Automated Backup Script¶
#!/usr/bin/env bash
set -euo pipefail
BACKUP_DIR="/backup"
DATE=$(date +%Y%m%d_%H%M)
RETENTION_DAYS=30
# 1. Database backup
echo "Backing up PostgreSQL..."
pg_dump -Fc mydb > "${BACKUP_DIR}/db_${DATE}.dump"
# 2. Config backup
echo "Backing up configs..."
tar czf "${BACKUP_DIR}/configs_${DATE}.tar.gz" /etc/nginx /etc/app
# 3. Upload to S3
echo "Uploading to S3..."
aws s3 cp "${BACKUP_DIR}/db_${DATE}.dump" s3://my-backups/db/
aws s3 cp "${BACKUP_DIR}/configs_${DATE}.tar.gz" s3://my-backups/configs/
# 4. Cleanup old local backups
find "${BACKUP_DIR}" -type f -mtime +${RETENTION_DAYS} -delete
# 5. Verify remote backup exists
aws s3 ls "s3://my-backups/db/db_${DATE}.dump" || { echo "UPLOAD FAILED"; exit 1; }
echo "Backup complete: ${DATE}"
Restore Testing¶
# Monthly restore verification script
#!/usr/bin/env bash
set -euo pipefail
RESTORE_DIR=$(mktemp -d /tmp/restore-test.XXXXXXXX)

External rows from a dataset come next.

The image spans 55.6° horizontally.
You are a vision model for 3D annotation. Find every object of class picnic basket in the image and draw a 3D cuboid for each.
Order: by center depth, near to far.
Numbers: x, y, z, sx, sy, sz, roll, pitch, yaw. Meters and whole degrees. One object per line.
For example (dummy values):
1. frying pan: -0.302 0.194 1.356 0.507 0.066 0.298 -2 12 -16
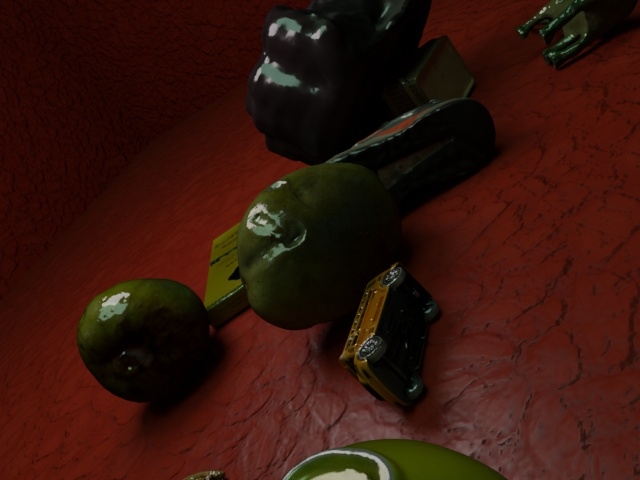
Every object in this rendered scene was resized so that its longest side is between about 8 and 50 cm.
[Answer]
1. picnic basket: 0.192 -0.270 1.070 0.080 0.115 0.164 -13 34 48

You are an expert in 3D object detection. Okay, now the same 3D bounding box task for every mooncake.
1. mooncake: 0.029 -0.303 1.094 0.212 0.350 0.381 25 40 17

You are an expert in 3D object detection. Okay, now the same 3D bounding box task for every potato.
1. potato: 0.001 0.001 0.771 0.229 0.197 0.149 -17 0 -27

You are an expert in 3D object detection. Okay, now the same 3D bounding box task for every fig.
1. fig: -0.252 0.136 0.903 0.181 0.181 0.191 -28 8 22

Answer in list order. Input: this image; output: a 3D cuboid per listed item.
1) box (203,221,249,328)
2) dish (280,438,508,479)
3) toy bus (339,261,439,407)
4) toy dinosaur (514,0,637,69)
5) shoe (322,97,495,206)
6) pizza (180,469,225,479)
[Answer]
1. box: -0.133 0.031 1.087 0.153 0.041 0.279 -33 25 10
2. dish: 0.018 0.238 0.420 0.221 0.108 0.262 -18 31 41
3. toy bus: 0.069 0.101 0.639 0.074 0.069 0.162 -32 21 36
4. toy dinosaur: 0.457 -0.389 0.914 0.301 0.087 0.447 -38 19 18
5. shoe: 0.093 -0.118 0.938 0.337 0.132 0.171 -31 20 13
6. pizza: -0.148 0.285 0.670 0.099 0.029 0.100 -43 24 -12

trap 'rm -rf "${RESTORE_DIR}"' EXIT
# 1. Download latest backup
LATEST=$(aws s3 ls s3://my-backups/db/ | sort | tail -1 | awk '{print $4}')
aws s3 cp "s3://my-backups/db/${LATEST}" "${RESTORE_DIR}/"
# 2. Restore to test database
createdb restore_test
pg_restore -d restore_test "${RESTORE_DIR}/${LATEST}"
# 3. Validate data
ROW_COUNT=$(psql -t -c "SELECT count(*) FROM users" restore_test)
if (( ROW_COUNT > 0 )); then
echo "PASS: ${ROW_COUNT} rows in users table"
else
echo "FAIL: users table is empty"
exit 1
fi
# 4. Cleanup
dropdb restore_test
echo "Restore test passed: ${LATEST}"
War story: A team ran backup scripts nightly for two years but never tested a restore. When they needed to recover from a ransomware attack, they discovered the backup files were encrypted with a restic password stored only in the compromised server's environment variables. The backups were useless. Store backup encryption passwords in a separate, offline secret manager (e.g., sealed envelope in a safe, or a dedicated vault instance).
Monitoring Backup Health¶
# Check when last backup ran
ls -lt /backup/*.dump | head -3
# Check backup sizes (sudden drop = problem)
ls -lh /backup/*.dump | awk '{print $5, $NF}'
# Alert if no backup in last 26 hours
LATEST_BACKUP=$(find /backup -name "*.dump" -mmin -1560 | head -1)
if [[ -z "${LATEST_BACKUP}" ]]; then
echo "ALERT: No backup in last 26 hours" | mail -s "Backup Alert" ops@company.com
fi
# Verify S3 backup count matches expected
EXPECTED=7
ACTUAL=$(aws s3 ls s3://my-backups/db/ | wc -l)
if (( ACTUAL < EXPECTED )); then
echo "WARNING: Only ${ACTUAL} backups found (expected ${EXPECTED})"
fi
One-liner: The most important backup metric is not "did the backup run?" but "when was the last successful restore test?" A backup that has never been tested is a hope, not a backup. Schedule monthly automated restore-and-verify jobs and alert when they fail.